On the third day of the heaviest clashes in 20 years in the disputed border region, the Azeri Defense Ministry said on Monday that  three of its troopers were killed as the Armenians fired mortar shells at Azeri positions and attacked them using grenade launchers overnight.

Ministry spokesman Vagif Dargahly warned that his country “will launch a full-scale operation along the entire front-line, using all kinds of weapons,” if Armenia continued its “provocations.”

Azeri servicemen carry their comrade who was wounded during clashes with Armenian forces in the disputed region of Karabakh on April 3, 2016. (AFP photo)
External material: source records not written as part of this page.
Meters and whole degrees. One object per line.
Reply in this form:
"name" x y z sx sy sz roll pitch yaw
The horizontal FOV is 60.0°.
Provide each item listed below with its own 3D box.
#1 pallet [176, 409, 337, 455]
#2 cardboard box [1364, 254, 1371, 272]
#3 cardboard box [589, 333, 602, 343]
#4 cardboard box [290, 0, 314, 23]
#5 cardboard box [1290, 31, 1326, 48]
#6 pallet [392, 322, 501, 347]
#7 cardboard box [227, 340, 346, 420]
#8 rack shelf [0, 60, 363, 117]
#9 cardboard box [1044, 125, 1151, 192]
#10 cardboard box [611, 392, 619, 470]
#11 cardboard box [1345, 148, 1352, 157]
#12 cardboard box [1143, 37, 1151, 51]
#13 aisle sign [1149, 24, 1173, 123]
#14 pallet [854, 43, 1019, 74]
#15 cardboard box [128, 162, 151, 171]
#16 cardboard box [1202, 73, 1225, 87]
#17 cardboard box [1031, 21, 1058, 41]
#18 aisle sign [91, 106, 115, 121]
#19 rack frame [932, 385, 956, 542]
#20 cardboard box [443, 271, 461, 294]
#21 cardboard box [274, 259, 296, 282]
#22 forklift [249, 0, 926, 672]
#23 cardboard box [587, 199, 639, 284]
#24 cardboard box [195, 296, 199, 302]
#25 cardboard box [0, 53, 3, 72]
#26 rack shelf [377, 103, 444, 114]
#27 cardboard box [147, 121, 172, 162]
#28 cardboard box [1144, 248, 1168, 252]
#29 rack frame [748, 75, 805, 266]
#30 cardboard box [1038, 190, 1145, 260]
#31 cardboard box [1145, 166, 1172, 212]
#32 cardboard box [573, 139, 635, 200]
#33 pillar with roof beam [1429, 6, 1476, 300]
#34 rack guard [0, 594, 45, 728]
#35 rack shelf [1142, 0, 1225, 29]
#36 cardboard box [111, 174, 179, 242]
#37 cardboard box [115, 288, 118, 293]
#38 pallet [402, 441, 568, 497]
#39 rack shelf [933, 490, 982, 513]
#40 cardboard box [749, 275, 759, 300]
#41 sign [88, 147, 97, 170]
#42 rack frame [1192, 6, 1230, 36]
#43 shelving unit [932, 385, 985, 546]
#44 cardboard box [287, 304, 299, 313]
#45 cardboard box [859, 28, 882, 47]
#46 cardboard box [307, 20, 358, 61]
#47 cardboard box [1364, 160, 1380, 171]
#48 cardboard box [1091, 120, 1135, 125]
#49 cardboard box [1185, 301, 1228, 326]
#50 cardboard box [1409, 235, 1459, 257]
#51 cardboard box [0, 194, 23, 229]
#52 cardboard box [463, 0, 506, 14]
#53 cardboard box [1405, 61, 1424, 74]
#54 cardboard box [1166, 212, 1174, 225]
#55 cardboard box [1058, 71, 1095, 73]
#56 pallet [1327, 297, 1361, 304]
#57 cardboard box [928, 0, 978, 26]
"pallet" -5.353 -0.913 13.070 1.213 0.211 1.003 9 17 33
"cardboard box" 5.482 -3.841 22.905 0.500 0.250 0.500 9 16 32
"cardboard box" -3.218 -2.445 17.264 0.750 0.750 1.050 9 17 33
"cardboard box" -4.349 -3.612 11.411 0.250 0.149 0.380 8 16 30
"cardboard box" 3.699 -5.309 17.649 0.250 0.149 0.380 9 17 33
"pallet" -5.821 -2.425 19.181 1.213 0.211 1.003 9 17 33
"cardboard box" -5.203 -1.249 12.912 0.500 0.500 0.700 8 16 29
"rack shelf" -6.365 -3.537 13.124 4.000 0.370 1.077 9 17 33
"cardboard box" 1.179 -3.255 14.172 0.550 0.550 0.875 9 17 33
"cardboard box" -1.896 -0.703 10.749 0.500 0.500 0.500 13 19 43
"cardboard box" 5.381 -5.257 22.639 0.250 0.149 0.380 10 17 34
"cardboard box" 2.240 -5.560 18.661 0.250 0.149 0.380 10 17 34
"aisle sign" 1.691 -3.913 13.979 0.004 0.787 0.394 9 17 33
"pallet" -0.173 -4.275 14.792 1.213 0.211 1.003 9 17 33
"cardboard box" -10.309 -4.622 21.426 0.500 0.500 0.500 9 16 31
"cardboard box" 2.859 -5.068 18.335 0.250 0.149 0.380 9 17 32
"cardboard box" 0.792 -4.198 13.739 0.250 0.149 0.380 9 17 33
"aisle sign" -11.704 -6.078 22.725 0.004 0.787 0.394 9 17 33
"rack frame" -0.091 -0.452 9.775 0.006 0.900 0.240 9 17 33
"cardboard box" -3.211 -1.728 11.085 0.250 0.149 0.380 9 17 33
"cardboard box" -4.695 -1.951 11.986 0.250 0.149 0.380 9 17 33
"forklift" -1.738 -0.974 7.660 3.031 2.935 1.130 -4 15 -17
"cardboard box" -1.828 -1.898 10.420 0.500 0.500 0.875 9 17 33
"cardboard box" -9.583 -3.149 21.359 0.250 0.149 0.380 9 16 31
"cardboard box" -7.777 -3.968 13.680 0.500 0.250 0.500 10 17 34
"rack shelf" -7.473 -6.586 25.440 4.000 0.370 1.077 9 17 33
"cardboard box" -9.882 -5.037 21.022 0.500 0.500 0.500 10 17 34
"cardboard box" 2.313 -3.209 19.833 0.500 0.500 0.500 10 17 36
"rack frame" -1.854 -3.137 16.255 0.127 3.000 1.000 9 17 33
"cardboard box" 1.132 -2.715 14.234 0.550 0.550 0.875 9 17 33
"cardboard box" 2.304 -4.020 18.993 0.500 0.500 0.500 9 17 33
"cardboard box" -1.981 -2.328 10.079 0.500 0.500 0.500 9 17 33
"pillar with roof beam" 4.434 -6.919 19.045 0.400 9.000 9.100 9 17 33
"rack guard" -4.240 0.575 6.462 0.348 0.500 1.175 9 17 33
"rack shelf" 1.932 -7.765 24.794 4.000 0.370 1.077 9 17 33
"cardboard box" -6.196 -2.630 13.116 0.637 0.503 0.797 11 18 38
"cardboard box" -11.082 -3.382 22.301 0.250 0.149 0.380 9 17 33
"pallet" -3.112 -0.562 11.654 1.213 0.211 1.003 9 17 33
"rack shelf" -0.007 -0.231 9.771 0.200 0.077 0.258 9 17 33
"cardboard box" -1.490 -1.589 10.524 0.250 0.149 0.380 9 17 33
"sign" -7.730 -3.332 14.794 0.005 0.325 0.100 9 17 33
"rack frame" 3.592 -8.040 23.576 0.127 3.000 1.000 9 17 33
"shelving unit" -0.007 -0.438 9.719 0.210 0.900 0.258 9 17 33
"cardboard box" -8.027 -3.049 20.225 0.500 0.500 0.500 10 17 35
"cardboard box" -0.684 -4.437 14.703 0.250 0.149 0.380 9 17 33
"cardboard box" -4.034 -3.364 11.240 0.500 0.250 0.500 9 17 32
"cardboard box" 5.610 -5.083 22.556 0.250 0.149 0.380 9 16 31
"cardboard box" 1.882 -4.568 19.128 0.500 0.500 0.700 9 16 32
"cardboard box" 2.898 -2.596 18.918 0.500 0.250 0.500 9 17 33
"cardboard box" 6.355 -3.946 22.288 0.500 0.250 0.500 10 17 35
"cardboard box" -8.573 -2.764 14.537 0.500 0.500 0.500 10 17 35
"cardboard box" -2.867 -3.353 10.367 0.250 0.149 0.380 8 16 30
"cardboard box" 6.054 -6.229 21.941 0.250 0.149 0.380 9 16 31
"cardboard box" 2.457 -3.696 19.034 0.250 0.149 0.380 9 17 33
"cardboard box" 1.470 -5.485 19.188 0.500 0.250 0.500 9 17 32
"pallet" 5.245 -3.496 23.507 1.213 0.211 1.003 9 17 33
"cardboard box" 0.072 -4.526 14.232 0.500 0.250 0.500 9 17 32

The fighting between the two countries erupted last Friday, leaving nearly 40 people dead so far.

Meanwhile, Armenian President Serzh Sarkisian has suggested that a "ceasefire would only be possible if the militaries of both sides return to the positions" they held prior to the outbreak of hostilities.

The proposal comes a day after Azerbaijan announced a “unilateral” ceasefire as a gesture of goodwill, warning, however, that it would strike back if its forces came under attack. Bouts of fighting were reported soon afterwards.

The Karabakh region, which is located in the Azerbaijan Republic but is populated by Armenians, has been under the control of local ethnic Armenian militia and the Armenian troops since a three-year war, which claimed over 30,000 lives, ended between the two republics in 1994 through Russian mediation.

Last December, the Armenian Defense Ministry said the ceasefire deal reached in 1994 was no longer in place, saying the current situation amounted to “war.”

Although the two countries are divided by a buffer zone, both sides frequently accuse each other of violating the ceasefire.